──────── Given records ────────

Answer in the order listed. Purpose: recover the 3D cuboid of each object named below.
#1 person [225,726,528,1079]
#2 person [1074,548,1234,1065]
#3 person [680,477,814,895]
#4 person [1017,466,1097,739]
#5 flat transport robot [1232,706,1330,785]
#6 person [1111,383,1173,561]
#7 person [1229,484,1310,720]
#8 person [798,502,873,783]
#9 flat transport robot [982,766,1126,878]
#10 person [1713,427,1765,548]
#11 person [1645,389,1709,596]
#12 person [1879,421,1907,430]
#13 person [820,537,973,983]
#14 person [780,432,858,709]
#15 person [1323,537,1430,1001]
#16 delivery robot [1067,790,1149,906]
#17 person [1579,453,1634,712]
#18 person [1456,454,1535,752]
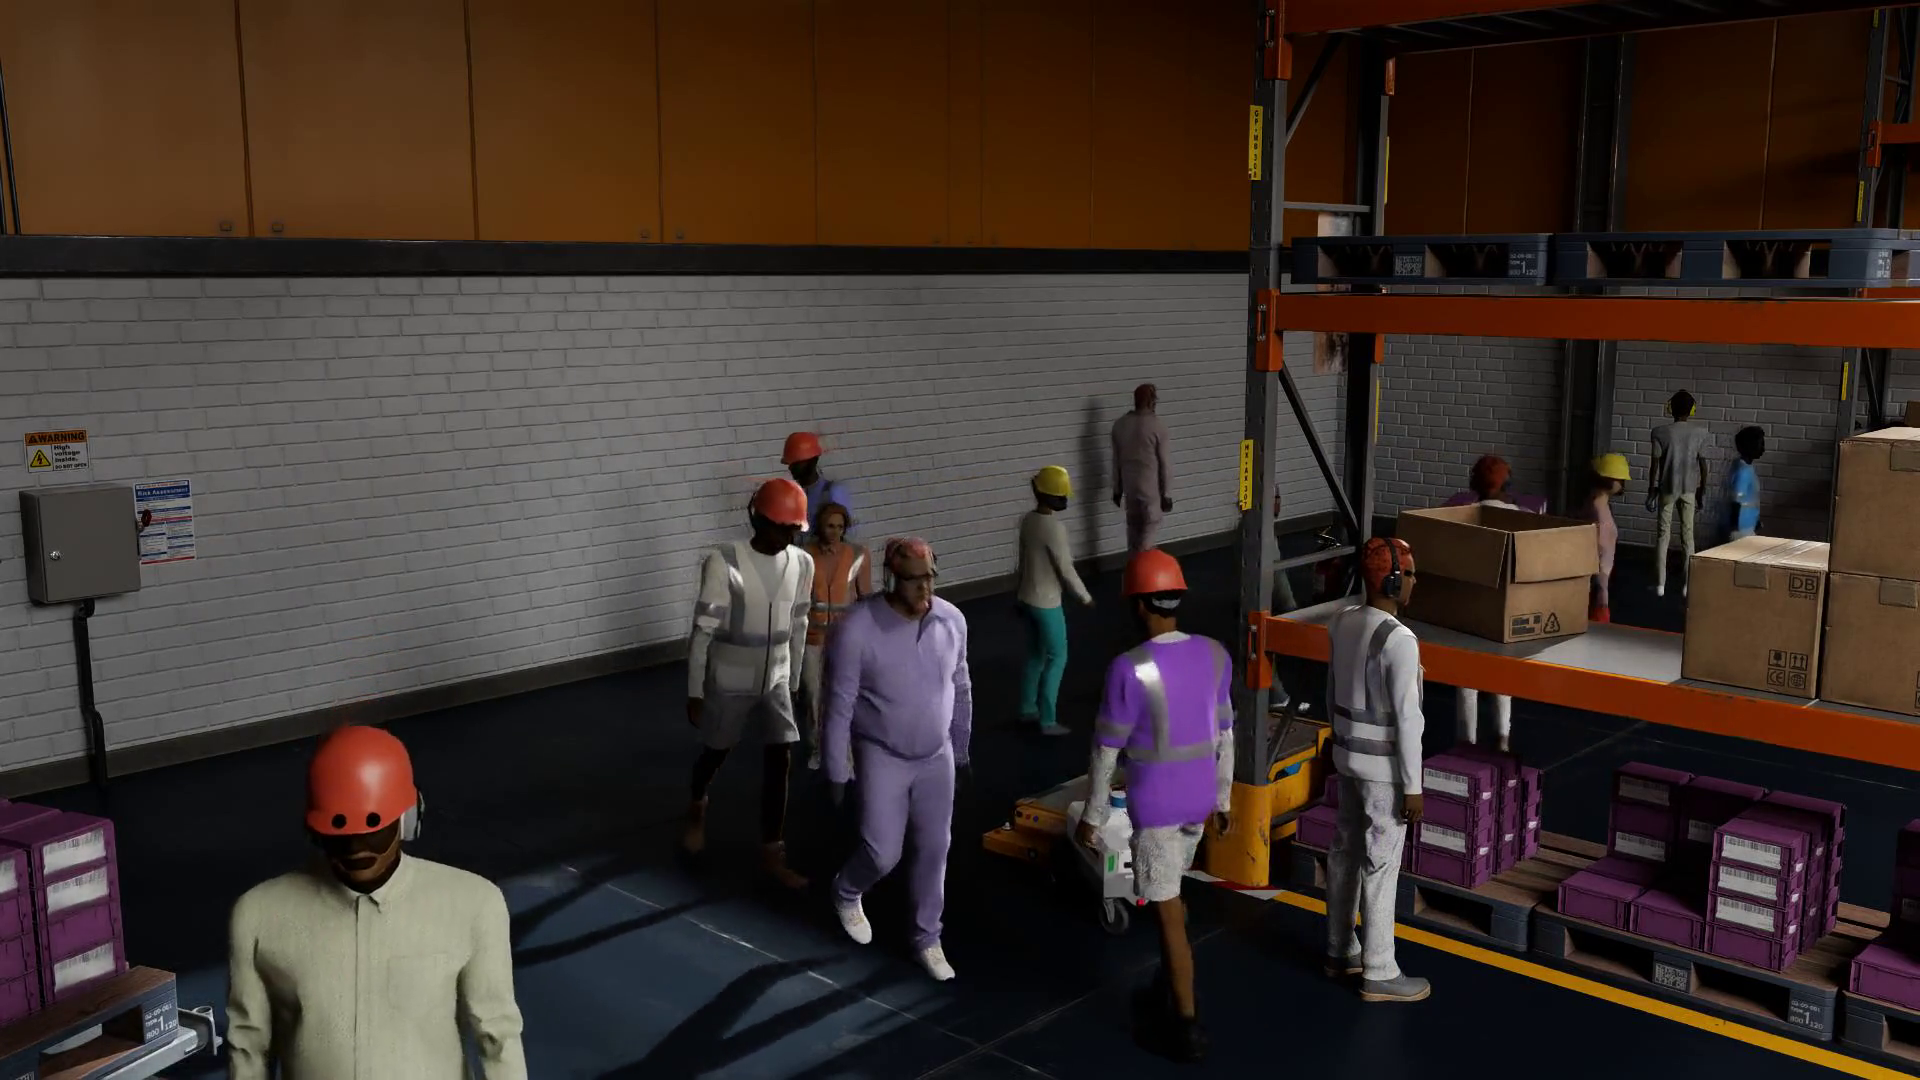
[{"bbox_3d":[-1.271,1.378,3.647,0.652,1.973,0.628,-3,10,-15],"label":"person"},{"bbox_3d":[0.732,0.987,6.276,0.568,1.901,0.668,-7,12,-38],"label":"person"},{"bbox_3d":[-1.084,0.654,8.082,0.733,1.984,0.989,-7,11,-35],"label":"person"},{"bbox_3d":[0.597,0.392,10.454,0.456,1.730,0.551,-3,10,-19],"label":"person"},{"bbox_3d":[1.774,1.242,9.710,0.652,0.197,1.431,8,12,41],"label":"flat transport robot"},{"bbox_3d":[1.696,-0.499,15.521,0.672,1.938,0.499,9,13,43],"label":"person"},{"bbox_3d":[1.984,0.399,10.801,0.676,1.603,0.516,-1,9,-7],"label":"person"},{"bbox_3d":[-0.768,0.596,9.554,0.550,1.611,0.739,-1,9,-4],"label":"person"},{"bbox_3d":[0.824,1.411,8.672,0.652,0.197,1.431,8,12,41],"label":"flat transport robot"},{"bbox_3d":[6.523,-0.112,13.751,0.861,1.645,0.546,4,10,23],"label":"person"},{"bbox_3d":[6.464,-0.419,15.005,0.508,1.872,0.328,2,10,13],"label":"person"},{"bbox_3d":[6.352,0.140,11.432,0.591,1.919,0.390,6,11,31],"label":"person"},{"bbox_3d":[-0.286,0.887,6.960,0.686,1.879,0.597,-6,11,-33],"label":"person"},{"bbox_3d":[-0.947,0.181,11.371,0.579,1.878,1.019,9,13,44],"label":"person"},{"bbox_3d":[1.693,0.921,6.749,0.355,1.883,0.574,-3,10,-19],"label":"person"},{"bbox_3d":[0.734,1.393,7.625,0.477,0.478,0.707,-2,9,-12],"label":"delivery robot"},{"bbox_3d":[4.166,0.285,11.062,0.514,1.746,0.523,3,10,19],"label":"person"},{"bbox_3d":[3.110,0.425,9.863,0.620,1.859,0.397,0,9,2],"label":"person"}]
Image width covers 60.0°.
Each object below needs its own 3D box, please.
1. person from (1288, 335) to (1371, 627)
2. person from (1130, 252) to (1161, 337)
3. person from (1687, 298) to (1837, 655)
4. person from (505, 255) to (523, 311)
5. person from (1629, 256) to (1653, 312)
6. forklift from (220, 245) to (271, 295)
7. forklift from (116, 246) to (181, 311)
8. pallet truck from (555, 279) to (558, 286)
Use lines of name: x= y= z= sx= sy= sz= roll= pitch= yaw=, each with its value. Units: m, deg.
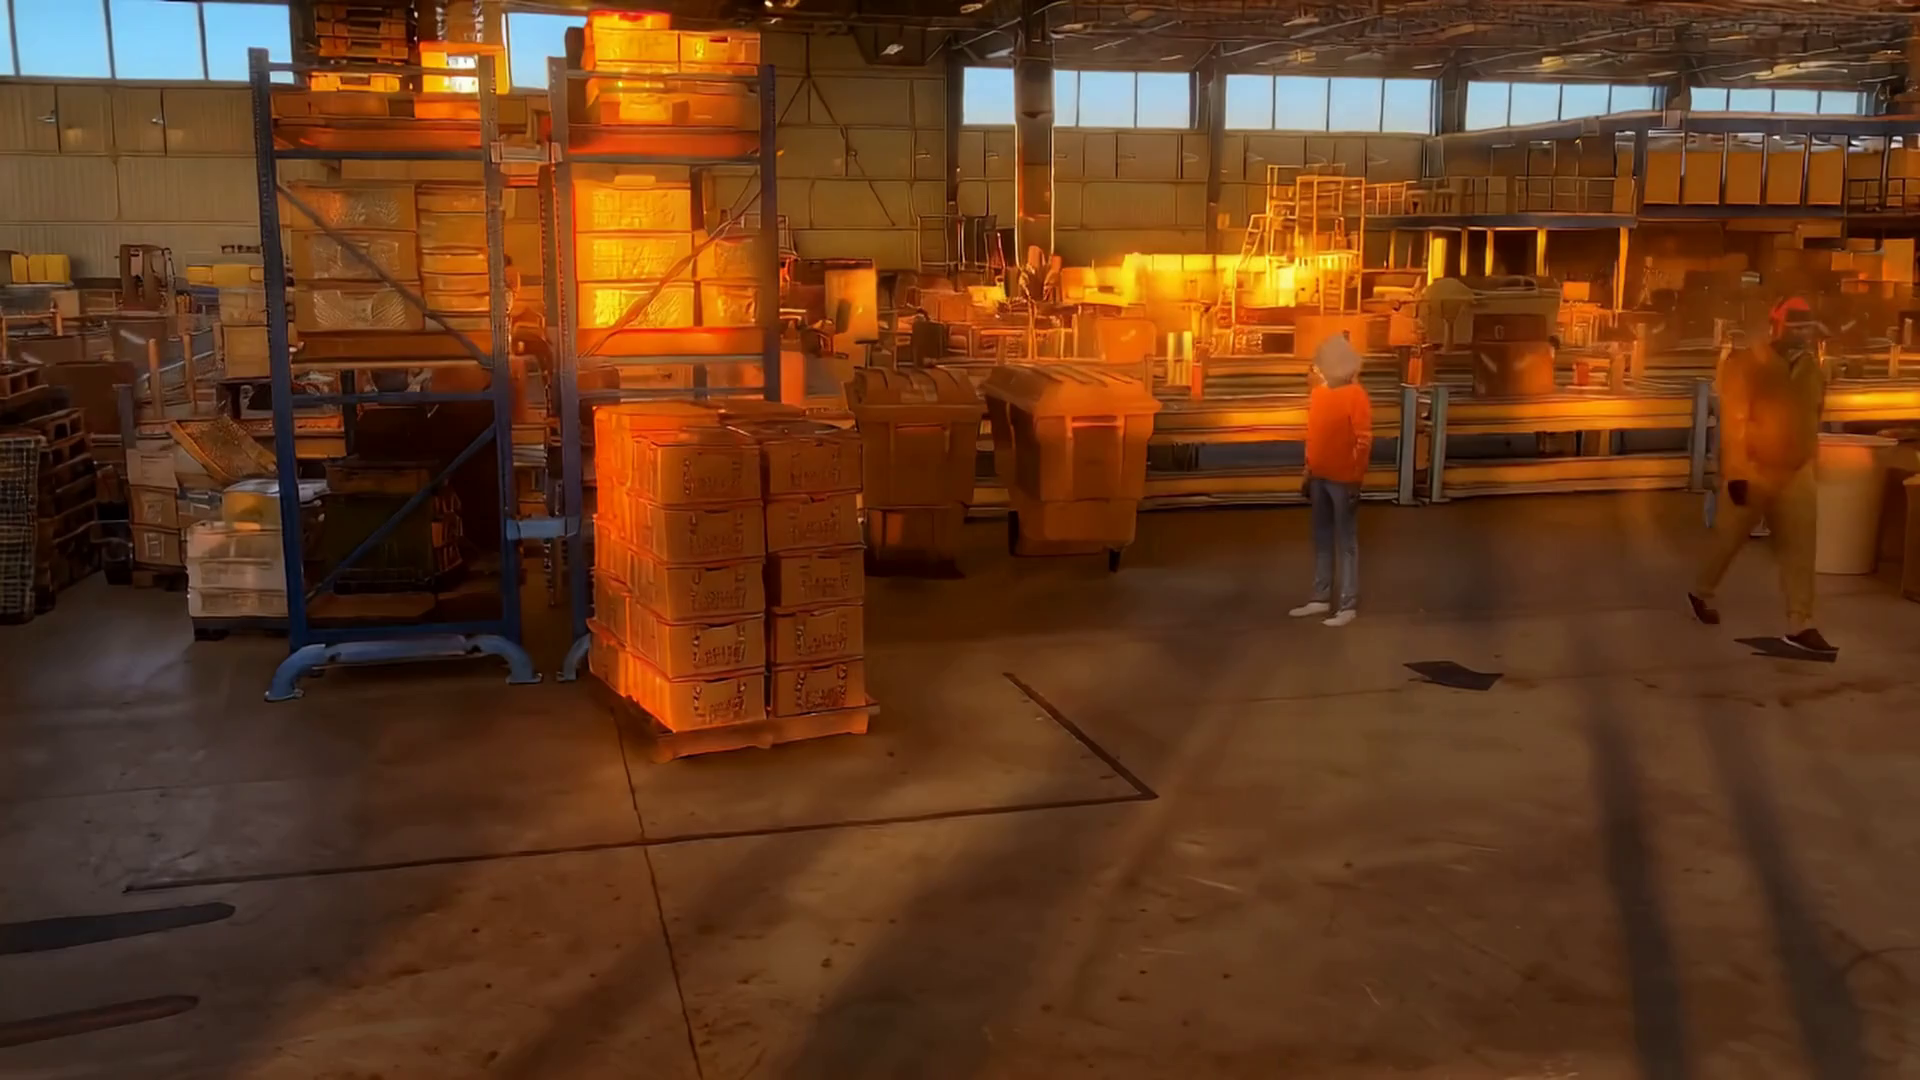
person: x=2.101 y=-0.331 z=9.361 sx=0.286 sy=1.632 sz=0.501 roll=-4 pitch=11 yaw=-24
person: x=4.227 y=-5.712 z=38.862 sx=1.074 sy=1.991 sz=0.621 roll=4 pitch=11 yaw=23
person: x=4.358 y=-0.379 z=9.004 sx=0.642 sy=1.863 sz=0.996 roll=-1 pitch=10 yaw=-6
person: x=-11.851 y=-6.555 z=43.866 sx=0.684 sy=1.890 sz=0.426 roll=-6 pitch=12 yaw=-30
person: x=20.562 y=-7.565 z=49.768 sx=1.013 sy=1.818 sz=0.611 roll=5 pitch=11 yaw=28
forklift: x=-17.749 y=-6.334 z=41.440 sx=1.157 sy=1.987 sz=2.680 roll=-3 pitch=10 yaw=-17
forklift: x=-19.966 y=-6.232 z=40.894 sx=1.157 sy=1.987 sz=2.680 roll=-3 pitch=10 yaw=-15
pallet truck: x=-10.604 y=-6.375 z=44.520 sx=0.653 sy=1.274 sz=1.630 roll=-3 pitch=10 yaw=-15

────────

## Your task
Looking at the entries above, how many lines contain the word "from"? Answer with the number alone.

## Task answer
8